● **Task statement**:
The required answer is each line in the entries below where "Texas" occurs.

/---

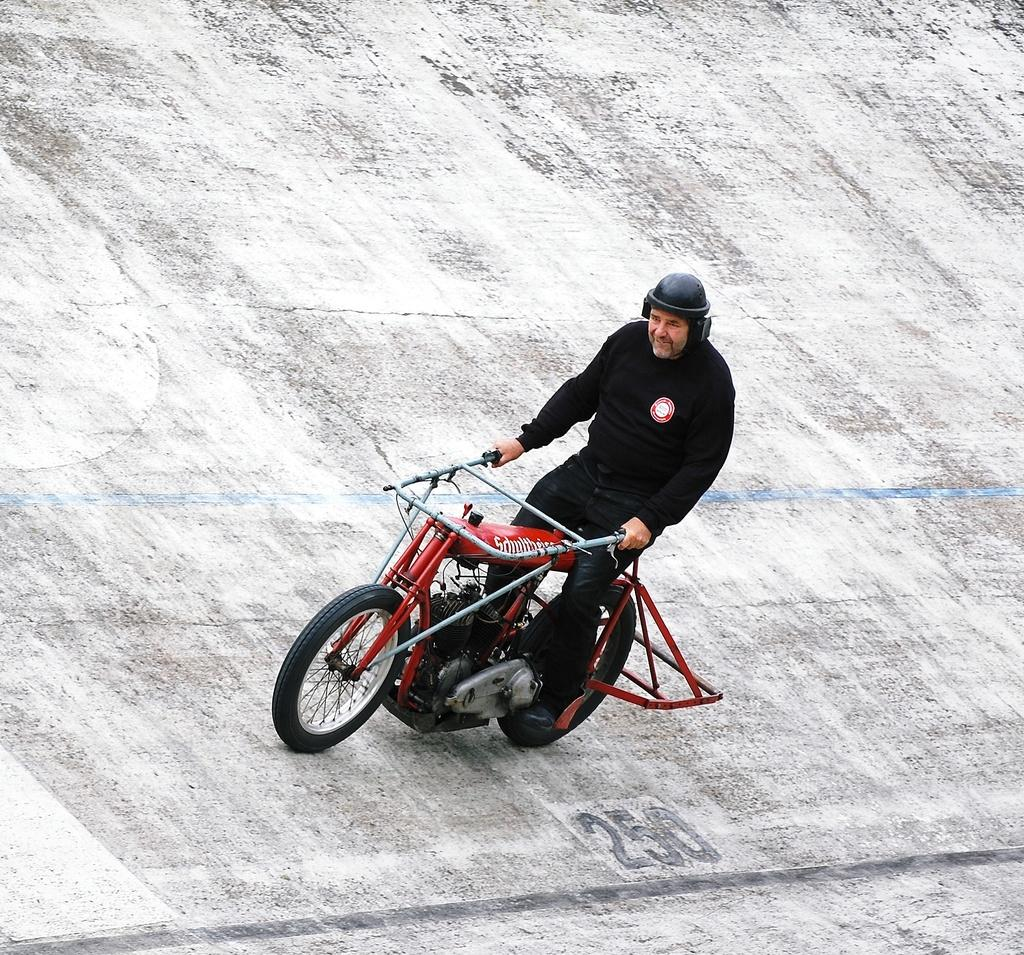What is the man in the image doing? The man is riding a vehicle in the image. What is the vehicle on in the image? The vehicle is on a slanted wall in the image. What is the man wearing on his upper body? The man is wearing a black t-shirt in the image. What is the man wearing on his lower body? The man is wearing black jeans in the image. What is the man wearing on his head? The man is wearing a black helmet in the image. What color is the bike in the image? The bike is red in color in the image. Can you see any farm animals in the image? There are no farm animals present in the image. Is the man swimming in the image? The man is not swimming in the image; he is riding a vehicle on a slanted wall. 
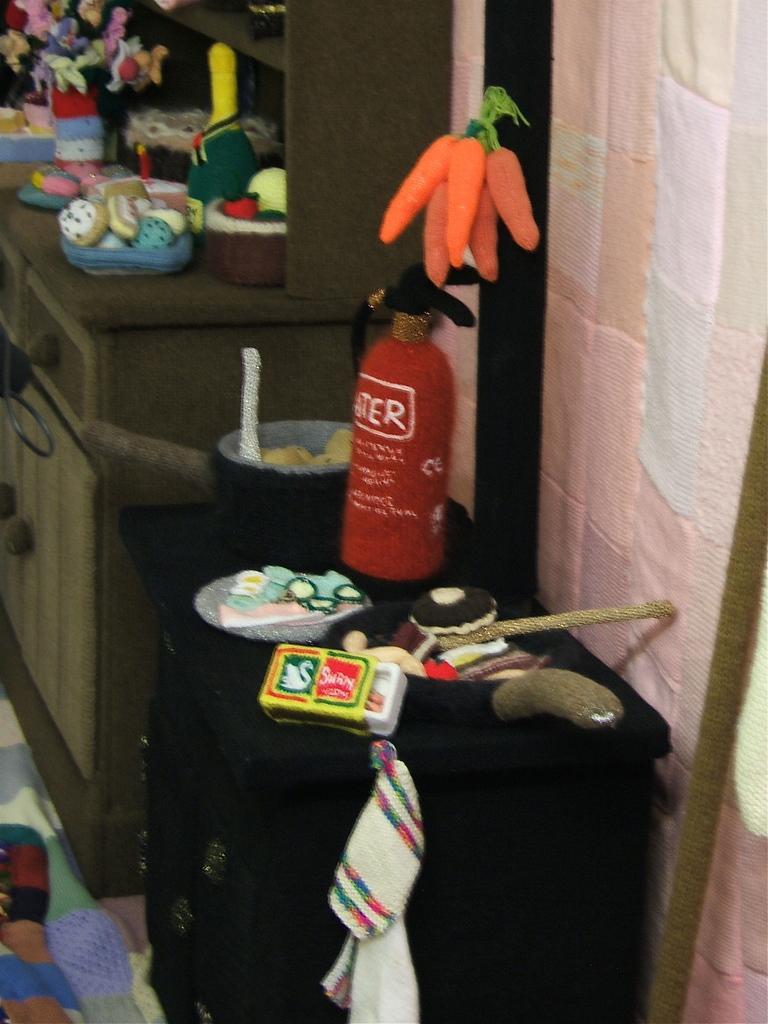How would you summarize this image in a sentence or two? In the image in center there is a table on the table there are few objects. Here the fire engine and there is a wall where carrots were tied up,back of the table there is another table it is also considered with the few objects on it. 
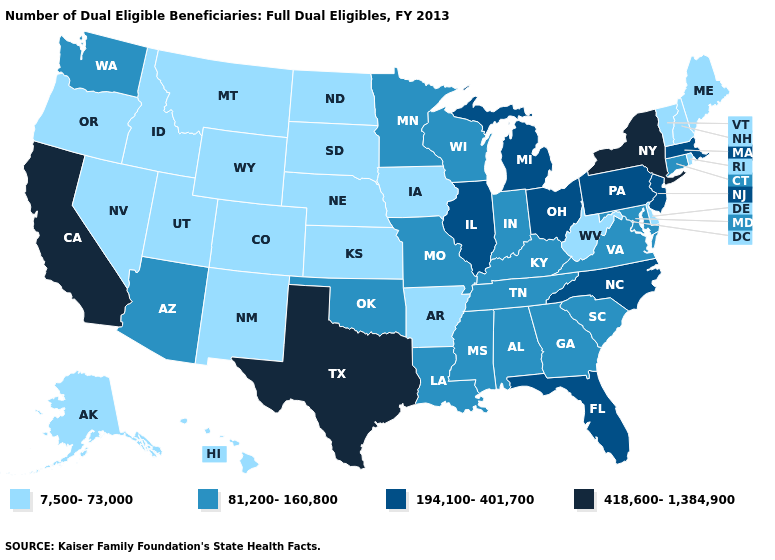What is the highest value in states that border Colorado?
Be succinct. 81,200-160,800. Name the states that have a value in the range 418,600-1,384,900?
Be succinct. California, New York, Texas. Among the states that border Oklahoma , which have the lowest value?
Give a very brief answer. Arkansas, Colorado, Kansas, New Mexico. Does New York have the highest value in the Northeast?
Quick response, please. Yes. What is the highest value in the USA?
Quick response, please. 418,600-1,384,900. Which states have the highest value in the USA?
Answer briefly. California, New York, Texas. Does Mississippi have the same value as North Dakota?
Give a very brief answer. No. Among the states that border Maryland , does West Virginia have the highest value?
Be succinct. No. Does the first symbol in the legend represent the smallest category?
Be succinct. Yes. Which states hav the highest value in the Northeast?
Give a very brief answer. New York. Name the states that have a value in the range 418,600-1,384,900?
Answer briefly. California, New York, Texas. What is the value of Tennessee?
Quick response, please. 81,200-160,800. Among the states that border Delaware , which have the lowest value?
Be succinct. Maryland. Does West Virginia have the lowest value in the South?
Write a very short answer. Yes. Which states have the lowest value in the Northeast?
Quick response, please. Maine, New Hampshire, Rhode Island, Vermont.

\---

● **The completed task**:
Be succinct. California, New York, Texas. Among the states that border Oklahoma , which have the lowest value?
Answer briefly. California, New York, Texas. Does Mississippi have the same value as North Dakota?
Answer briefly. California, New York, Texas. What is the value of Tennessee?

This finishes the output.